Sounds simple enough? Perhaps it is, if you are truly dedicated to achieving your desired savings for each month. However, others may struggle to keep up with this rule until they are serious about boosting their savings by being more disciplined with their spending habits and focused on their financial goals.
Let us go back again to each category for a closer look.
50 Percent of Your Salary – For Your Basic Needs
We all have our basic or essential needs. Among these expenditures include grocery shopping bills, utilities, fuel, and housing society expenses. There are also compulsory and irregular payments we may need to make such as insurance premiums or even car insurance payments. To keep it simple, these are expenses that you can never put an end to since these impact your daily life.
This is why you if you are hoping to minimise your expenditure under this category, you need to shop smarter by looking for the best deals and promos offered at supermarkets or retail stops. That may be the extent of what you can do when it comes to reducing your expenses on basic needs.
30 Percent of Your Salary – Discretionary Spending
This category refers to your “wants”. These things are not essential for you to survive, but you may want to have these for entertainment or to enjoy life more. Thus, among the items that count under discretionary spending include eating out, going to theatres, and spending a vacation. But then again, some people end up spending more on these things than their basic needs. This is where the problem starts, unfortunately.

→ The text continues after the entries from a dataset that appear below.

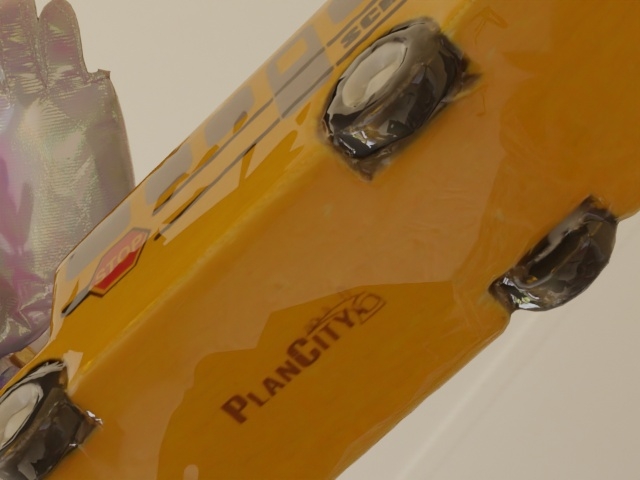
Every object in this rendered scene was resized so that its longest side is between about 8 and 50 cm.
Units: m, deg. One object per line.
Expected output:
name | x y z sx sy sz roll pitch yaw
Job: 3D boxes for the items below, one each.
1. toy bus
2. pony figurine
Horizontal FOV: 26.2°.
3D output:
toy bus | 0.000 0.000 0.522 0.332 0.130 0.108 -43 -64 12
pony figurine | -0.255 0.048 0.883 0.302 0.363 0.351 4 -55 38
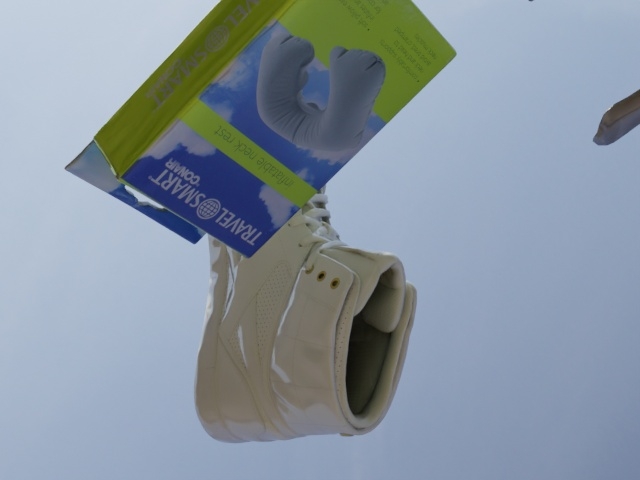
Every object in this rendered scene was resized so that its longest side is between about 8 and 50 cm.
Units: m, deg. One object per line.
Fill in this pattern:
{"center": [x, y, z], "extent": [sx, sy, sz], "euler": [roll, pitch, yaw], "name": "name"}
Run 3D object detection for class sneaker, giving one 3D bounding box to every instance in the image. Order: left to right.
{"center": [0.000, 0.000, 0.781], "extent": [0.169, 0.108, 0.292], "euler": [-9, -105, 43], "name": "sneaker"}

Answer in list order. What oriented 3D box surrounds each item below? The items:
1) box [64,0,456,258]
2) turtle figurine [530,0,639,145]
{"center": [-0.028, -0.067, 0.541], "extent": [0.178, 0.109, 0.042], "euler": [-45, -131, 9], "name": "box"}
{"center": [0.188, -0.159, 0.338], "extent": [0.275, 0.198, 0.266], "euler": [16, -61, 22], "name": "turtle figurine"}
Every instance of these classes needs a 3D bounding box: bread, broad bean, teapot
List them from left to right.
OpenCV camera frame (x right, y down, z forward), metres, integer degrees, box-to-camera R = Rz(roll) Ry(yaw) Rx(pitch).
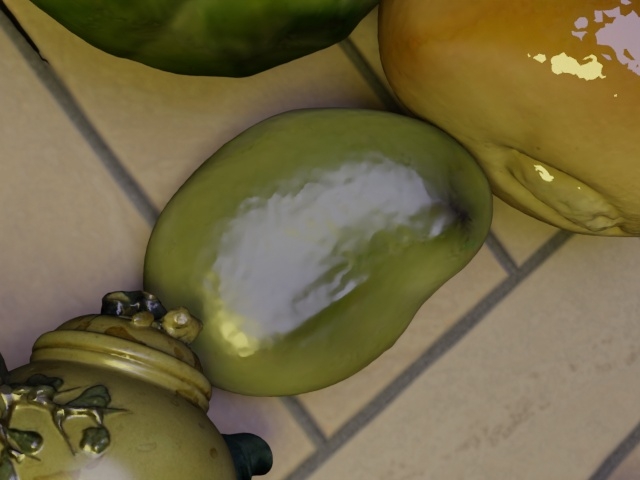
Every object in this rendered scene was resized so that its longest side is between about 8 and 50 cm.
[{"bbox_3d":[-0.137,0.109,0.559,0.269,0.173,0.183,31,60,-31],"label":"teapot"},{"bbox_3d":[0.000,0.000,0.680,0.263,0.121,0.189,-30,93,-24],"label":"broad bean"},{"bbox_3d":[0.233,-0.195,0.748,0.348,0.253,0.376,32,64,-24],"label":"bread"}]

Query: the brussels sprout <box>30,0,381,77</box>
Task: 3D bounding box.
[{"bbox_3d":[-0.048,-0.275,0.624,0.289,0.354,0.281,35,29,-45],"label":"brussels sprout"}]
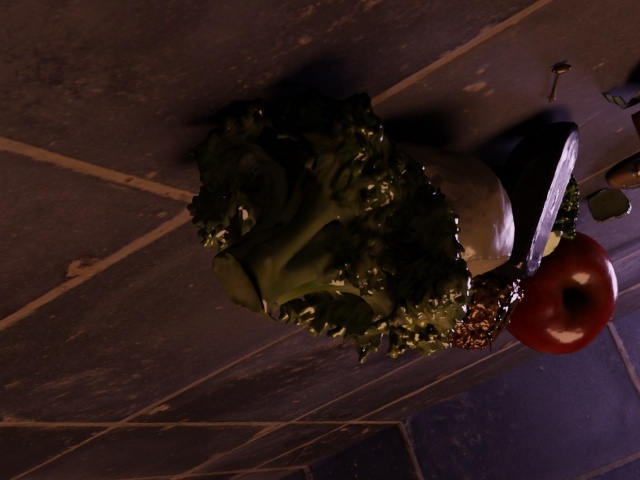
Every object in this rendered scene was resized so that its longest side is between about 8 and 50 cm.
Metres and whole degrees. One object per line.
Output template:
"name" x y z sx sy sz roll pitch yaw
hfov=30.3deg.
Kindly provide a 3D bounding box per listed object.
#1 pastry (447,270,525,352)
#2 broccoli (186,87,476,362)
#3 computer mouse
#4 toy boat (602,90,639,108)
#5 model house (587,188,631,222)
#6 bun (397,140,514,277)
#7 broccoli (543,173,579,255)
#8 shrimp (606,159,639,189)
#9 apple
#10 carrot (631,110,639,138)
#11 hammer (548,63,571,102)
"pastry" 0.253 0.074 2.123 0.274 0.275 0.193 -1 150 -47
"broccoli" 0.004 -0.017 1.460 0.317 0.339 0.277 3 161 -31
"computer mouse" 0.330 -0.071 1.895 0.100 0.269 0.170 20 -179 21
"toy boat" 0.586 -0.273 1.812 0.210 0.070 0.291 -13 169 -30
"model house" 0.581 -0.065 2.375 0.078 0.066 0.083 -24 163 13
"bun" 0.117 -0.029 1.748 0.359 0.211 0.360 -14 171 -2
"broccoli" 0.365 -0.053 2.052 0.195 0.156 0.195 -2 129 -2
"shrimp" 0.691 -0.138 2.295 0.289 0.075 0.178 -19 170 -9
"apple" 0.484 0.106 2.456 0.260 0.260 0.216 -18 -175 -11
"carrot" 0.640 -0.224 1.835 0.307 0.100 0.258 -29 -178 20
"hammer" 0.347 -0.230 1.740 0.029 0.014 0.123 -12 164 0
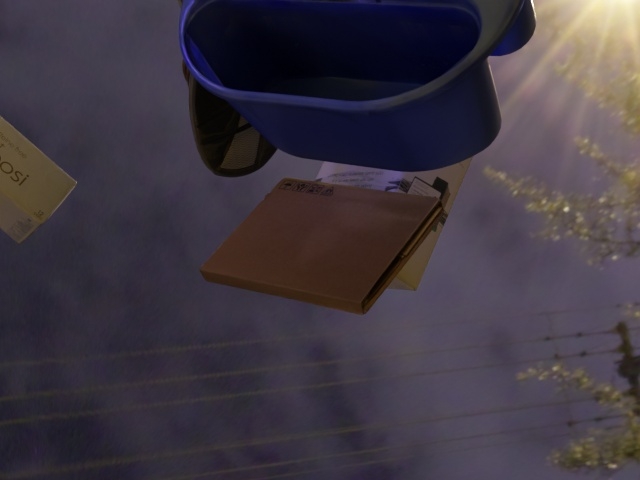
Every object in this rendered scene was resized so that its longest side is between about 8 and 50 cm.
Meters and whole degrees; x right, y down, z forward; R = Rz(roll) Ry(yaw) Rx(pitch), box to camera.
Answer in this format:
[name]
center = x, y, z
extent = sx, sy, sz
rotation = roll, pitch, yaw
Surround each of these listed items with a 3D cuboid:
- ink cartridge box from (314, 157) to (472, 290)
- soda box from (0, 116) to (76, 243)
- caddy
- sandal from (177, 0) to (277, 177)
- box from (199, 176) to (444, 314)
[ink cartridge box]
center = 0.072, -0.056, 1.215
extent = 0.092, 0.160, 0.219
rotation = 36, -110, -33
[soda box]
center = -0.377, -0.099, 1.127
extent = 0.216, 0.069, 0.074
rotation = 43, -129, -15
[caddy]
center = 0.032, -0.205, 0.953
extent = 0.341, 0.179, 0.241
rotation = 10, -112, 31
[sandal]
center = -0.109, -0.218, 1.204
extent = 0.120, 0.086, 0.302
rotation = -5, -101, -21
[box]
center = 0.000, 0.000, 1.053
extent = 0.201, 0.021, 0.164
rotation = 10, -135, 35
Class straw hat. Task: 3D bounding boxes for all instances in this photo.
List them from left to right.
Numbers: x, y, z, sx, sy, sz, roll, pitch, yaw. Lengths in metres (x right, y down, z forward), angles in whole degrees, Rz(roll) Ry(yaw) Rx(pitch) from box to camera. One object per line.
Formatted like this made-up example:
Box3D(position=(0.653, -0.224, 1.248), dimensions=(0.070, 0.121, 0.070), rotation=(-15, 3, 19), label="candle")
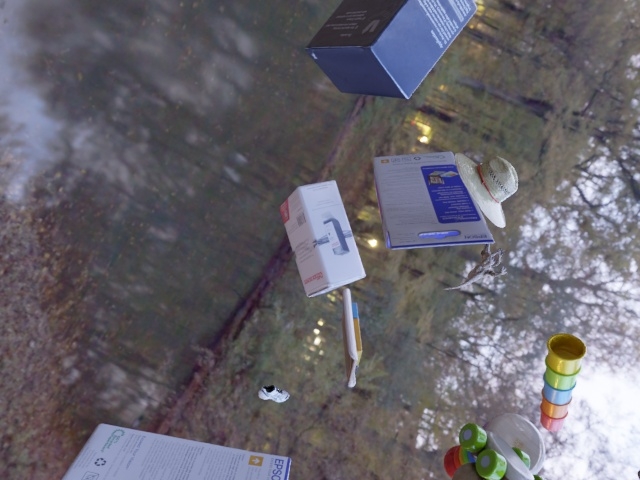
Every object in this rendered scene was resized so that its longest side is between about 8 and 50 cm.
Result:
Box3D(position=(0.285, -0.098, 0.921), dimensions=(0.061, 0.144, 0.144), rotation=(-34, -166, 31), label="straw hat")

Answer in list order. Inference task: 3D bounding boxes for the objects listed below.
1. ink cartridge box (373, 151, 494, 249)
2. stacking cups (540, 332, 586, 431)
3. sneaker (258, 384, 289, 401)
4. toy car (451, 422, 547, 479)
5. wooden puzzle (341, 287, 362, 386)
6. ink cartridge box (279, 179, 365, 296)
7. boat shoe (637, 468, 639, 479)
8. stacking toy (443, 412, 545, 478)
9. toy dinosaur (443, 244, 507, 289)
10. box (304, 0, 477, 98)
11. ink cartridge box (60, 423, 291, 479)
Box3D(position=(0.204, -0.070, 1.108), dimensions=(0.371, 0.175, 0.069), rotation=(-90, 175, -60), label="ink cartridge box")
Box3D(position=(0.644, 0.390, 1.528), dimensions=(0.096, 0.096, 0.316), rotation=(-61, 149, -46), label="stacking cups")
Box3D(position=(-0.115, 0.387, 1.447), dimensions=(0.037, 0.083, 0.032), rotation=(-64, -151, 30), label="sneaker")
Box3D(position=(0.307, 0.476, 1.088), dimensions=(0.188, 0.155, 0.149), rotation=(-54, -159, 10), label="toy car")
Box3D(position=(0.092, 0.290, 1.682), dimensions=(0.239, 0.044, 0.221), rotation=(87, -1, -55), label="wooden puzzle")
Box3D(position=(0.000, 0.000, 1.227), dimensions=(0.158, 0.092, 0.218), rotation=(146, -71, -67), label="ink cartridge box")
Box3D(position=(1.010, 0.616, 1.460), dimensions=(0.130, 0.132, 0.355), rotation=(-29, -170, -31), label="boat shoe")
Box3D(position=(0.392, 0.519, 1.361), dimensions=(0.141, 0.141, 0.330), rotation=(-62, 176, -32), label="stacking toy")
Box3D(position=(0.351, 0.066, 1.236), dimensions=(0.183, 0.053, 0.092), rotation=(-40, -173, -37), label="toy dinosaur")
Box3D(position=(0.089, -0.279, 0.752), dimensions=(0.158, 0.093, 0.156), rotation=(-52, -145, -7), label="box")
Box3D(position=(-0.224, 0.410, 0.799), dimensions=(0.324, 0.330, 0.071), rotation=(-76, 177, -70), label="ink cartridge box")
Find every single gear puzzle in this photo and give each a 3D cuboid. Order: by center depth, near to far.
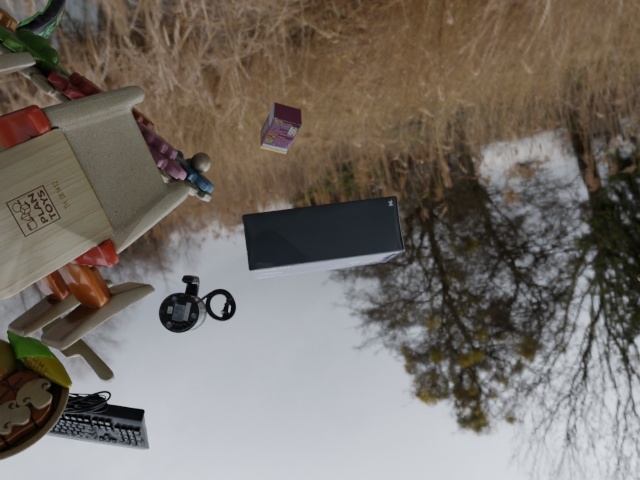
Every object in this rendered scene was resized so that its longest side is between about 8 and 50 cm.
[{"bbox_3d":[-0.249,-0.164,0.635,0.044,0.339,0.175,-52,170,2],"label":"gear puzzle"}]

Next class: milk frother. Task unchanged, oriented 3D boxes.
[{"bbox_3d":[-0.259,0.151,1.320,0.143,0.129,0.135,28,173,0],"label":"milk frother"}]

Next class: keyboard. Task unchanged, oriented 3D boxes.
[{"bbox_3d":[-0.298,0.210,0.702,0.191,0.100,0.038,6,-144,3],"label":"keyboard"}]

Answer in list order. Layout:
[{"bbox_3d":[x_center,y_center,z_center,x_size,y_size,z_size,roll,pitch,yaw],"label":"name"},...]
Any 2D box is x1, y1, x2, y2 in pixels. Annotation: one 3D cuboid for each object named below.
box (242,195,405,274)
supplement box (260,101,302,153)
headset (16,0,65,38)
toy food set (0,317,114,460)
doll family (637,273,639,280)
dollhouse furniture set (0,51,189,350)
[{"bbox_3d":[0.000,0.000,1.081,0.261,0.103,0.184,-7,170,-5],"label":"box"},{"bbox_3d":[-0.075,-0.206,1.122,0.054,0.043,0.083,12,143,-21],"label":"supplement box"},{"bbox_3d":[-0.532,-0.441,0.831,0.243,0.394,0.185,-50,-172,-31],"label":"headset"},{"bbox_3d":[-0.308,0.147,0.578,0.132,0.039,0.192,32,-128,26],"label":"toy food set"},{"bbox_3d":[0.407,0.033,0.595,0.192,0.112,0.076,0,178,12],"label":"doll family"},{"bbox_3d":[-0.229,-0.037,0.433,0.259,0.262,0.135,2,-149,44],"label":"dollhouse furniture set"}]
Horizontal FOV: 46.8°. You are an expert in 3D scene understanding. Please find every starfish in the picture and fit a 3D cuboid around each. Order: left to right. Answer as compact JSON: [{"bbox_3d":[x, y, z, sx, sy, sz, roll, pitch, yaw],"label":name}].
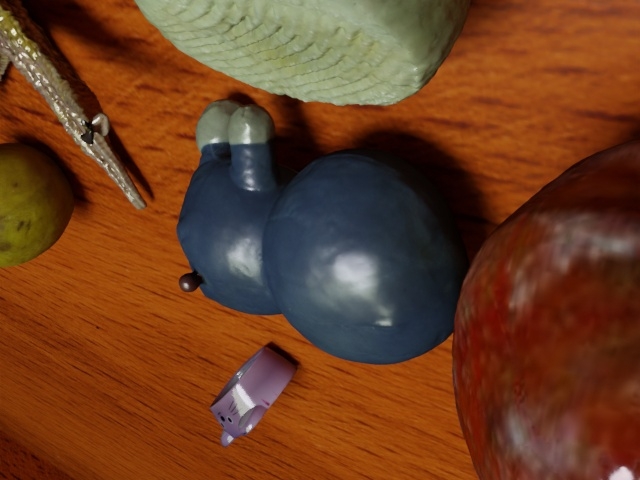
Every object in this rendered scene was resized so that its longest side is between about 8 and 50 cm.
[{"bbox_3d":[-0.332,-0.186,0.709,0.384,0.132,0.398,44,152,3],"label":"starfish"}]

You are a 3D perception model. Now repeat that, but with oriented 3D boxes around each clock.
[{"bbox_3d":[-0.096,0.200,0.951,0.050,0.110,0.153,40,147,-2],"label":"clock"}]

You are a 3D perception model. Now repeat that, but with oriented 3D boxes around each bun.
[{"bbox_3d":[-0.009,-0.155,0.406,0.195,0.118,0.195,18,175,2],"label":"bun"}]

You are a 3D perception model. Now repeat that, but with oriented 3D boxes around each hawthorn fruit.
[{"bbox_3d":[0.207,0.081,0.385,0.284,0.284,0.284,27,145,21],"label":"hawthorn fruit"}]

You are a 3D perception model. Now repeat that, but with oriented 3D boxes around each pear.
[{"bbox_3d":[-0.391,-0.045,0.924,0.148,0.162,0.149,17,134,19],"label":"pear"}]

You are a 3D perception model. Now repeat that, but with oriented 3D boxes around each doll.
[{"bbox_3d":[0.000,0.000,0.603,0.258,0.154,0.228,8,131,31],"label":"doll"}]
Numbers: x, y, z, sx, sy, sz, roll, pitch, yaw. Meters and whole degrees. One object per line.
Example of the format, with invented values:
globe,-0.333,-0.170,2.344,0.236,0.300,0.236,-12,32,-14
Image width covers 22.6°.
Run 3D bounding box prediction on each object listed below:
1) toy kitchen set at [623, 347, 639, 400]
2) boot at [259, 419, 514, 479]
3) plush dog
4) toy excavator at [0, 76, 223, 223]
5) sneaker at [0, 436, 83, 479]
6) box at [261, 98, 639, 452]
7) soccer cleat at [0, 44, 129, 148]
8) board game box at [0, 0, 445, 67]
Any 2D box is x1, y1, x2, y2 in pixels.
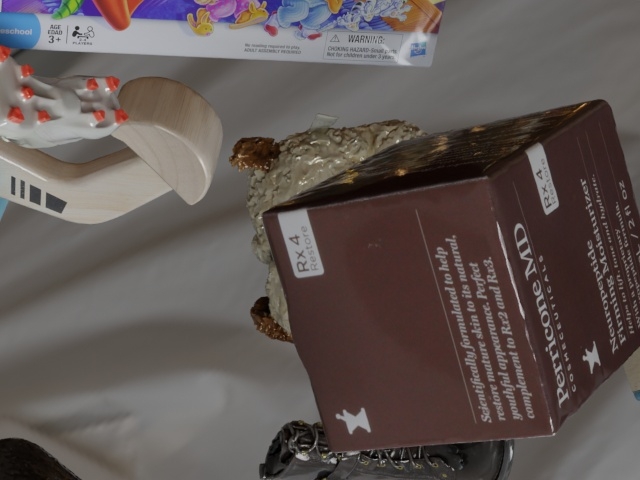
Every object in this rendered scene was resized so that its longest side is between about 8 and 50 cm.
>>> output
toy kitchen set,0.357,0.122,1.178,0.122,0.207,0.166,-28,78,60
boot,0.067,0.229,1.729,0.263,0.229,0.091,130,145,-54
plush dog,0.000,0.000,1.763,0.210,0.262,0.225,4,-112,-53
toy excavator,-0.376,-0.076,1.761,0.445,0.433,0.222,23,-136,-13
sneaker,-0.058,0.163,0.807,0.281,0.162,0.106,44,-159,23
box,0.099,0.021,1.051,0.203,0.167,0.168,-32,-71,-55
soccer cleat,-0.221,-0.096,1.154,0.196,0.076,0.068,5,-110,-58
board game box,-0.069,-0.252,1.172,0.078,0.347,0.233,-109,24,-51
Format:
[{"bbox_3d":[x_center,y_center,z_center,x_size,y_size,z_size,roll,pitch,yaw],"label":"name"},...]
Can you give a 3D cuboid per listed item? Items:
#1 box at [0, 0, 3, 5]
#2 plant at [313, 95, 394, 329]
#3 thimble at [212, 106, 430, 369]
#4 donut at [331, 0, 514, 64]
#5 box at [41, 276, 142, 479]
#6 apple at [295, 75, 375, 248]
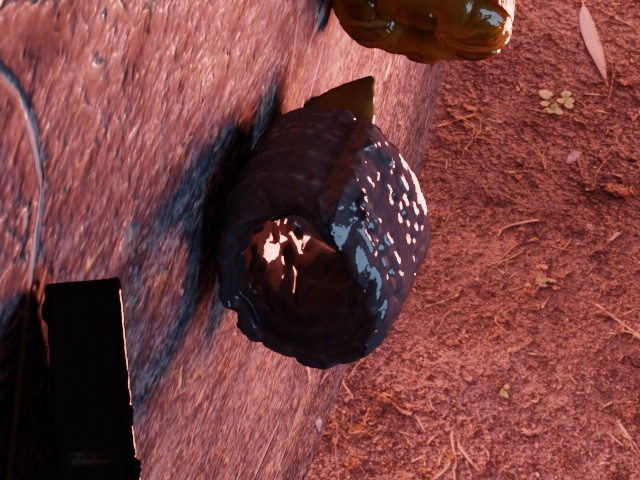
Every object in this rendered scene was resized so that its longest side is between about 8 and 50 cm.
[{"bbox_3d":[-0.143,-0.146,0.441,0.149,0.067,0.233,86,22,-68],"label":"box"},{"bbox_3d":[0.061,-0.082,1.755,0.251,0.180,0.333,-82,178,-54],"label":"plant"},{"bbox_3d":[0.000,0.000,1.283,0.172,0.205,0.236,-64,169,-46],"label":"thimble"},{"bbox_3d":[0.122,-0.284,1.525,0.226,0.226,0.114,63,37,-79],"label":"donut"},{"bbox_3d":[-0.148,0.202,0.882,0.350,0.058,0.211,98,-15,-51],"label":"box"},{"bbox_3d":[-0.002,-0.071,1.480,0.193,0.120,0.265,-84,-175,-50],"label":"apple"}]
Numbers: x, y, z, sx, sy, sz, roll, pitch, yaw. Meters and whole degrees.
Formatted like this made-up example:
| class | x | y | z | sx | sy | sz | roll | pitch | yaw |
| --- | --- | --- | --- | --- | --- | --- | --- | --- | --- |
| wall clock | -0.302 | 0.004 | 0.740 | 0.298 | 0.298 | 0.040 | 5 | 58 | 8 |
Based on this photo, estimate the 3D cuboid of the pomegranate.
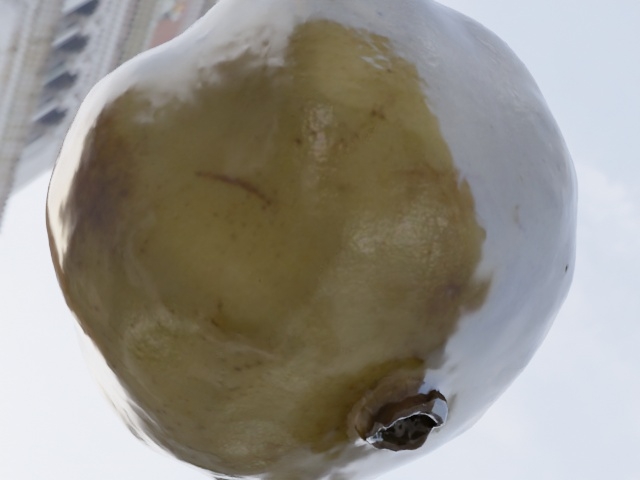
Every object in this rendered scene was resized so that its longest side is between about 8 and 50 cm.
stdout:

If you want to streamline your expenses on these so-called wants, you should set a budget per month. For a $7,000 monthly income, you may set aside $70 daily (a total of $2,100 a month) for your discretionary spending. In Singapore, though, this amount may not stretch out quite far because of the high cost of living in this city. But at the same time, it is a way to grow your bank savings and retirement funds for a more secured future.
20 Percent of Your Income – Savings, Emergency Fund, Investment
Then we go to that very important reason why we are even saving money – for our future needs. We want to retire comfortably, or at least not spend each day worrying where to get the money to pay the rent or cover our food expenses. Also, we want to be prepared for life’s little surprises or these emergency expenses that can turn out to be quite a shock and stressor once they come our way.
To make these happen, you must be able to allot 20 percent of your salary towards your savings and emergency fund right at the very start of the month. Waiting until the month ends can be disastrous since you may barely have anything left t save or invest as you have already spent the money.
Just as important is your choice of where you invest your money in. Term deposit may feel very safe, but at the same time, the return on your investment may not be that much. There are some people who choose to invest in mutual funds and stocks that offer higher yields, yet you need to do your homework when choosing an online broker with the lowest fee being charged for trading costs.
Lastly, make it a point to set aside cash for your emergency needs such as hospital expenses. This way, you no longer have to be in debt whenever a sudden illness or injury occurs that require hospitalisation or medical treatment.
No matte how much you make each month, it is not impossible to save and live a more comfortable life. The key is in being more aware of how you spend your money and by allotting funds towards your future needs instead of spending uncontrollably once you receive your paycheck.